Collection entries
===
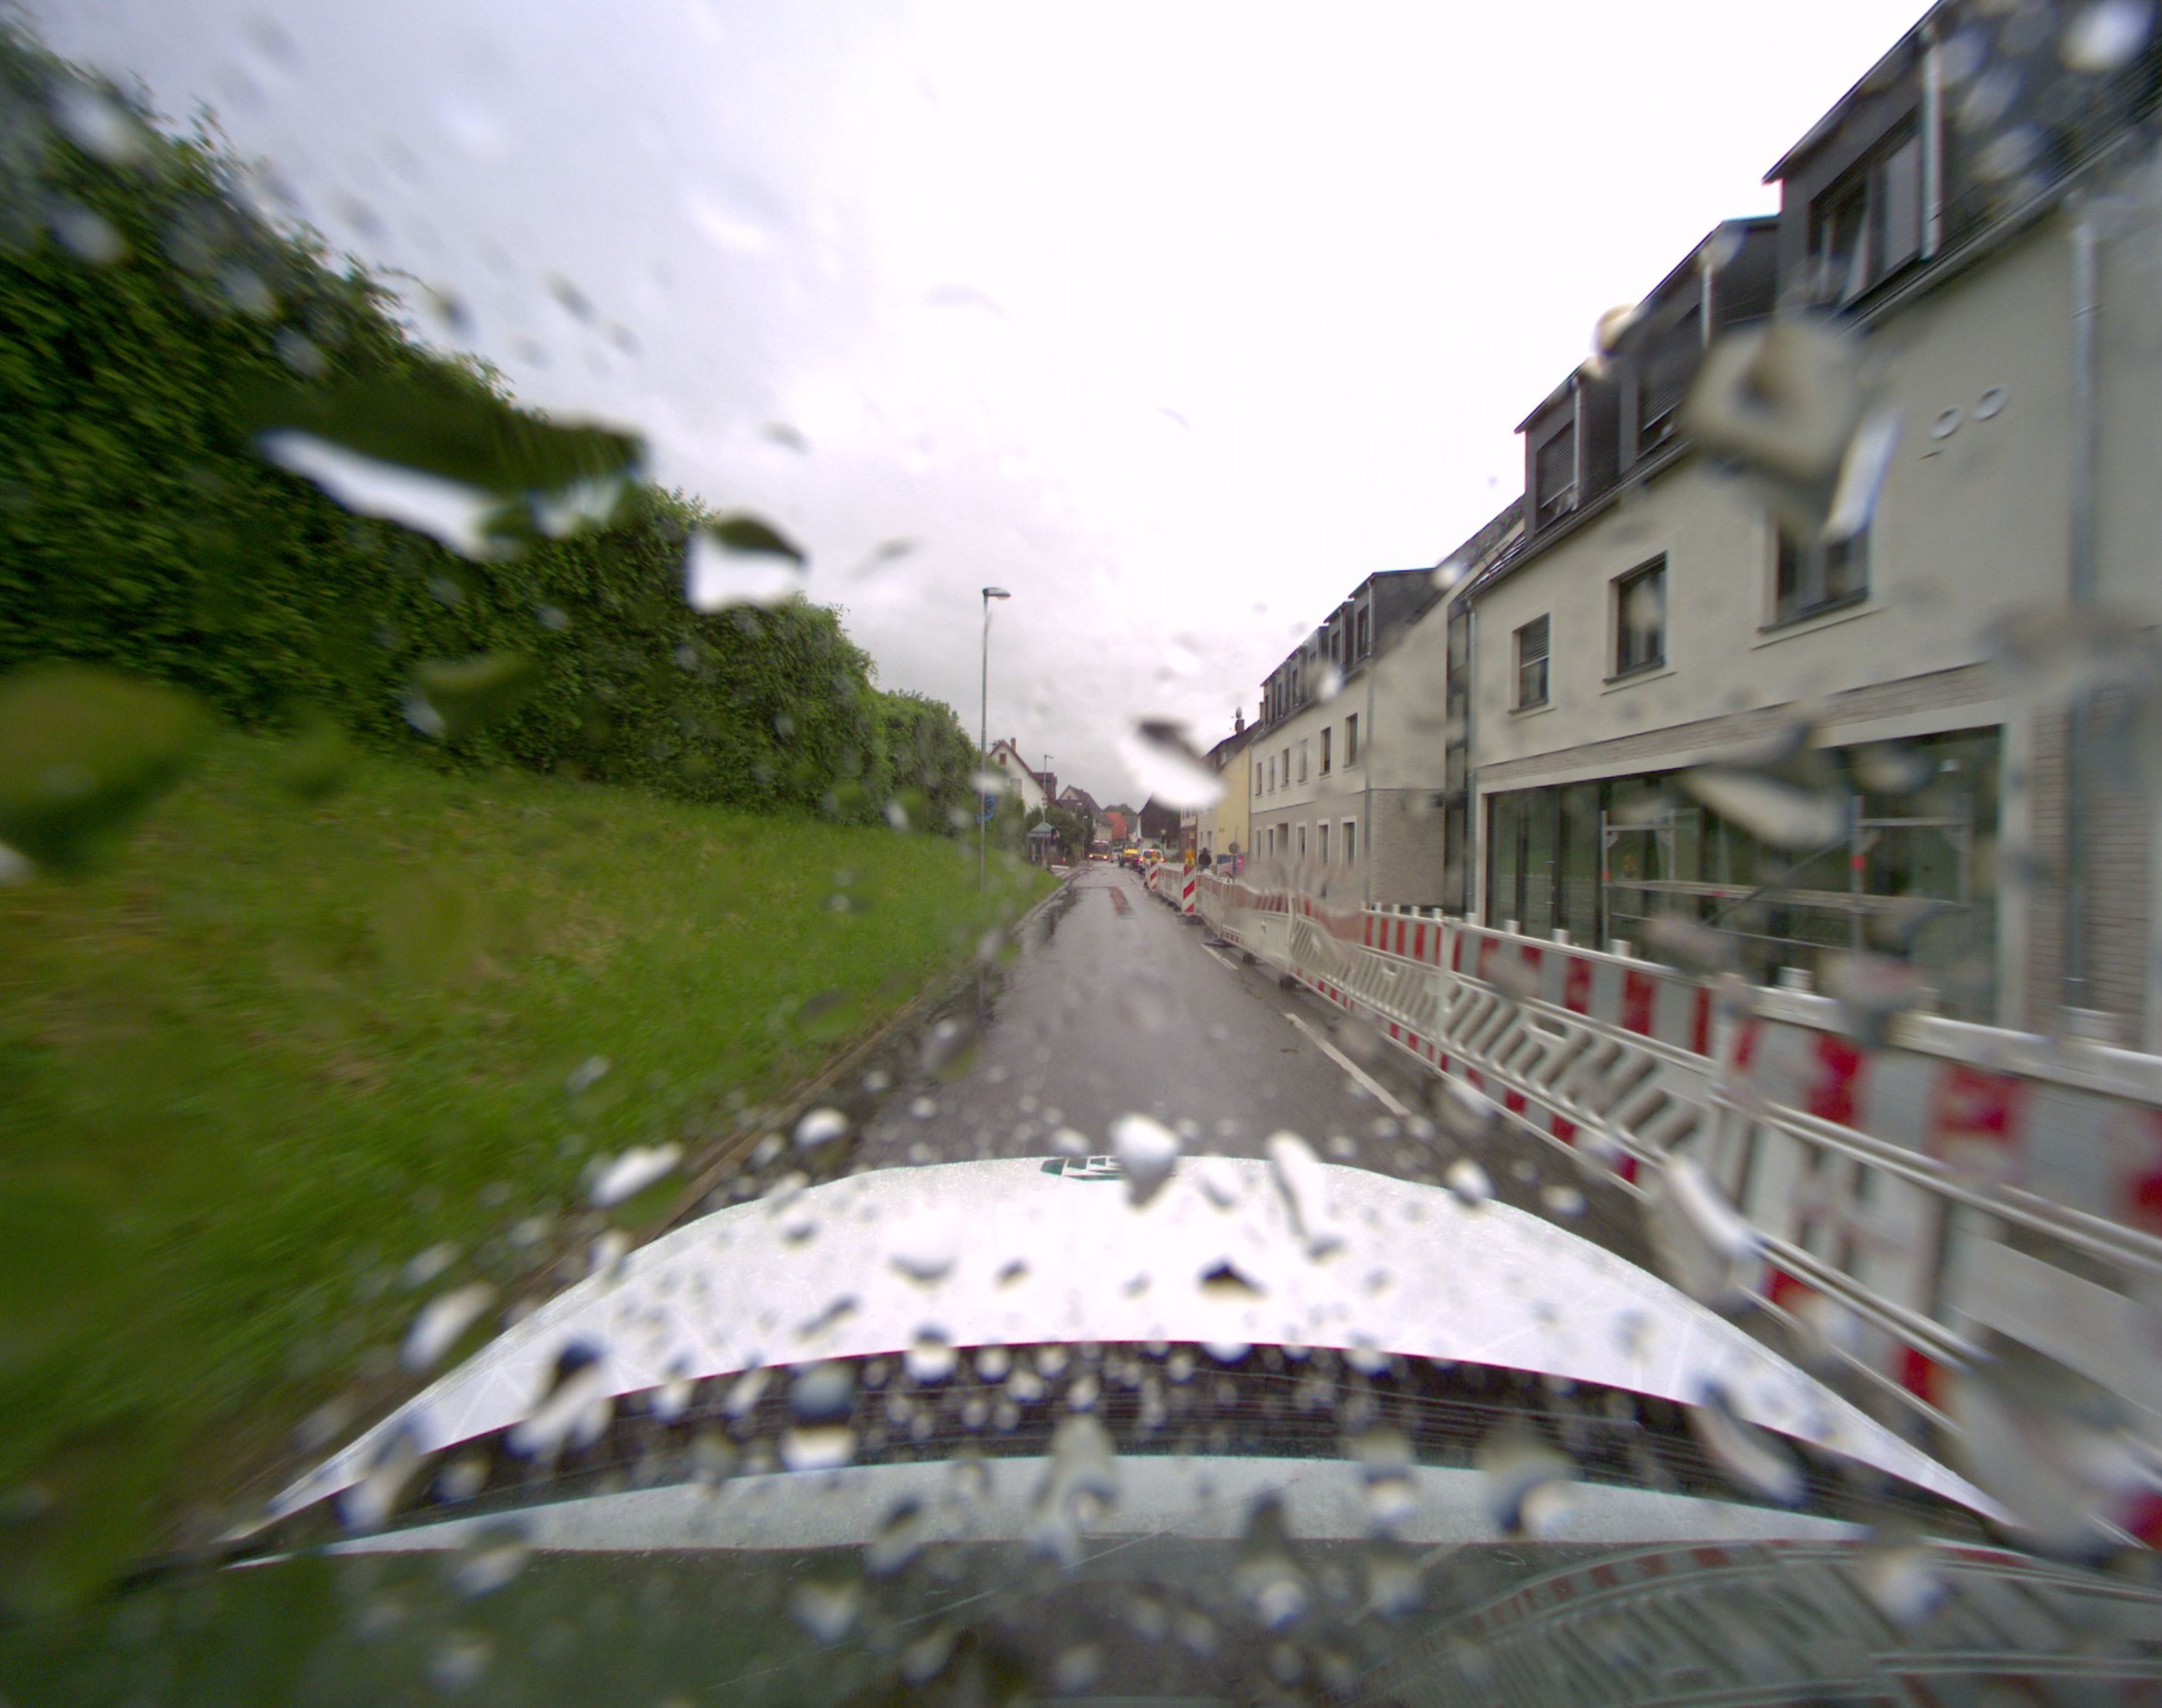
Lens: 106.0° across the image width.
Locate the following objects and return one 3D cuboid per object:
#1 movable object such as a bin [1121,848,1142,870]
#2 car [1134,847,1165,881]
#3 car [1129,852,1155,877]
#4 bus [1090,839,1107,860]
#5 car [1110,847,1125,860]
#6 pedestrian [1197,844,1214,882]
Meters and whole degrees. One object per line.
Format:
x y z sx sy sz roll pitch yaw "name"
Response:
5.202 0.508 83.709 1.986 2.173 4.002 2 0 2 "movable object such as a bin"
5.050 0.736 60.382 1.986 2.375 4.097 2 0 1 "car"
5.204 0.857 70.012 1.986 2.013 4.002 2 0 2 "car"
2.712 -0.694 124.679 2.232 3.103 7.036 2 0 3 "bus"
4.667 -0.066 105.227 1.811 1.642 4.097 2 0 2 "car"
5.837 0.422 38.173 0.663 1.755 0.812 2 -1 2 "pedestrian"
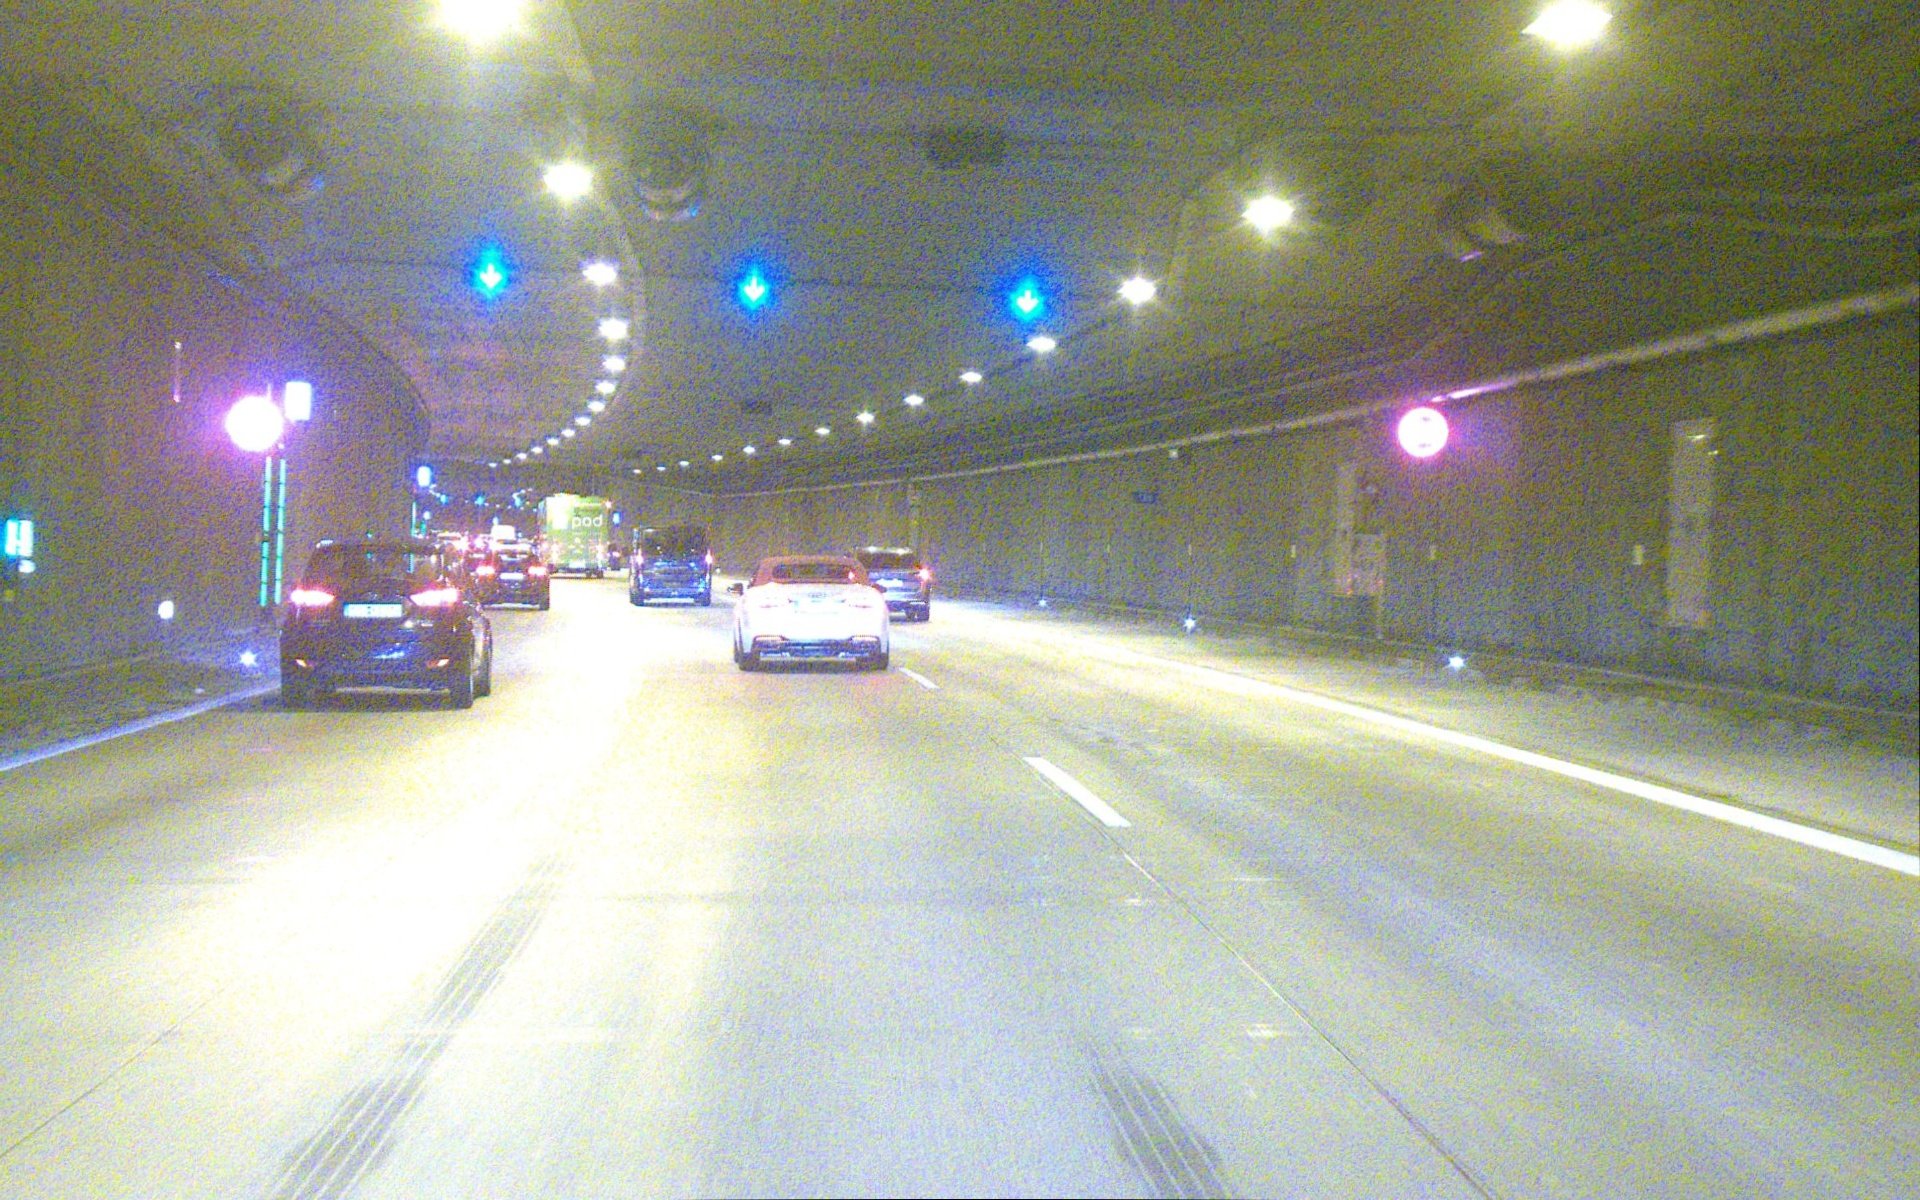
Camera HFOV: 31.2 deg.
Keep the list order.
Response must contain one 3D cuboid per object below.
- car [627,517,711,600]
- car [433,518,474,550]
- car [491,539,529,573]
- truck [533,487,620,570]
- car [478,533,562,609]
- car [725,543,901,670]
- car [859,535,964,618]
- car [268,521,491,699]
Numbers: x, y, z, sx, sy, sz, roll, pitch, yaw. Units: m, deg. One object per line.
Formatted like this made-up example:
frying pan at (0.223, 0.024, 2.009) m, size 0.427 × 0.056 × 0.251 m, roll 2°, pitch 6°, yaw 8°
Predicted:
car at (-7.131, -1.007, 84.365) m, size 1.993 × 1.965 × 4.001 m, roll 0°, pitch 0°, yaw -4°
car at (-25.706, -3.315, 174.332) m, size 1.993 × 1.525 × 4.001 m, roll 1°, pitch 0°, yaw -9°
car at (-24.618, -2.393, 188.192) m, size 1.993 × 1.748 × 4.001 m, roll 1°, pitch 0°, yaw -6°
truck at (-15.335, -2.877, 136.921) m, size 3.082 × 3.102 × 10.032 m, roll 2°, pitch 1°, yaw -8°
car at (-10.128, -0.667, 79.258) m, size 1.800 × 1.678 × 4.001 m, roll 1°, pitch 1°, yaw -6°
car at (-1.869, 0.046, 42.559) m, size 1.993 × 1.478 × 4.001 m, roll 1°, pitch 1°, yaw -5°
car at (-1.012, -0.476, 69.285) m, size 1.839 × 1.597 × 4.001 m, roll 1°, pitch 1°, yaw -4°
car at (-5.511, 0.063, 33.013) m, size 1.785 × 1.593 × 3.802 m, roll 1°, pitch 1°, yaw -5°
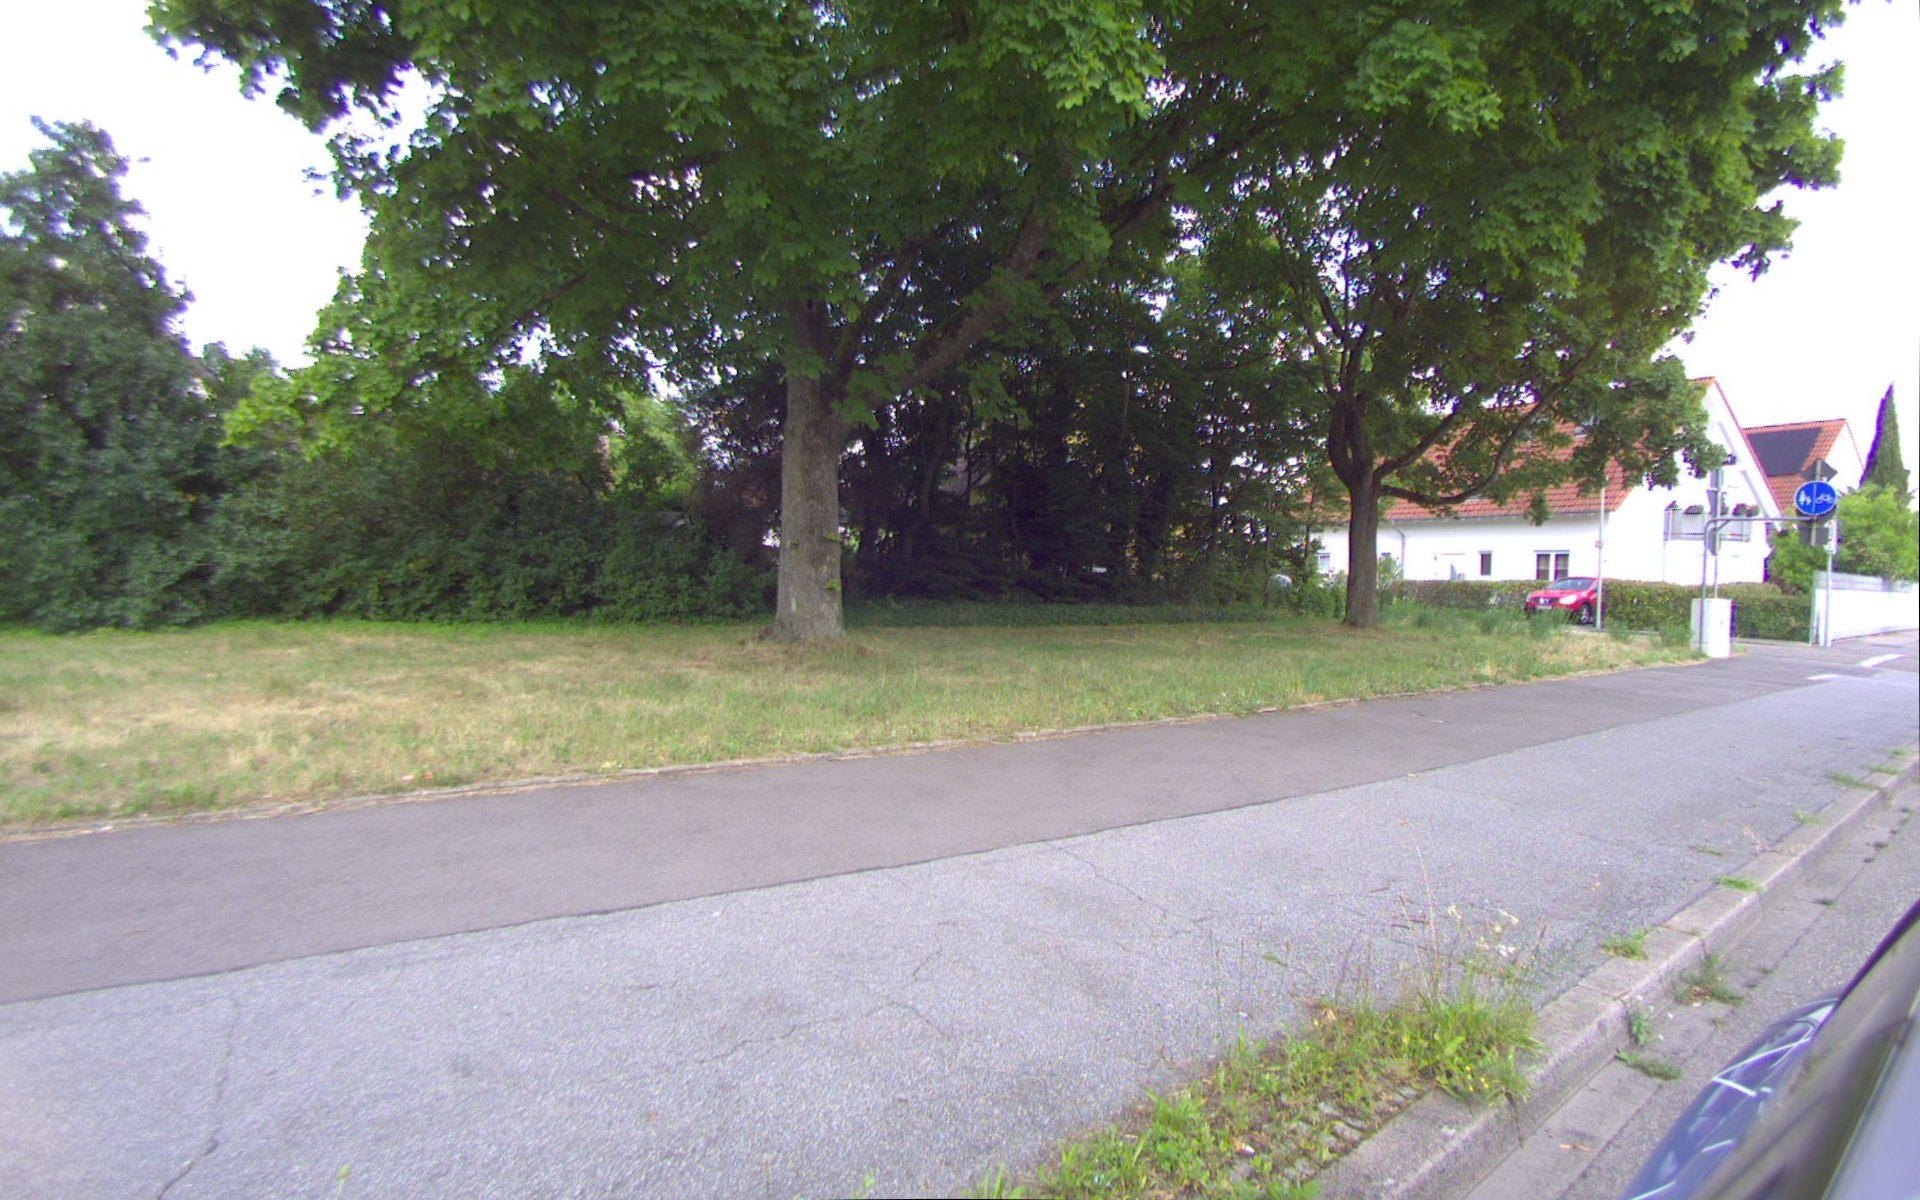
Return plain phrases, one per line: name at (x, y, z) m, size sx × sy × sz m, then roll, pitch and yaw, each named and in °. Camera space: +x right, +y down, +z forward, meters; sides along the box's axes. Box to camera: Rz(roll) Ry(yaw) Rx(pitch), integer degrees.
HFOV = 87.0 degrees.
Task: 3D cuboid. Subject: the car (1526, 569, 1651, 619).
===
▸ What to produce:
Scan the records above and show every line in which the word "degrees" occurs.

▸ Completed exercise:
Meters and whole degrees. One object per line.
Return plain phrases, one per line: name at (x, y, z) m, size sx × sy × sz m, then roll, pitch and yaw, each named and in °. Camera space: +x right, +y down, +z forward, meters; sides along the box's axes. Box to camera: Rz(roll) Ry(yaw) Rx(pitch), integer degrees.
HFOV = 87.0 degrees.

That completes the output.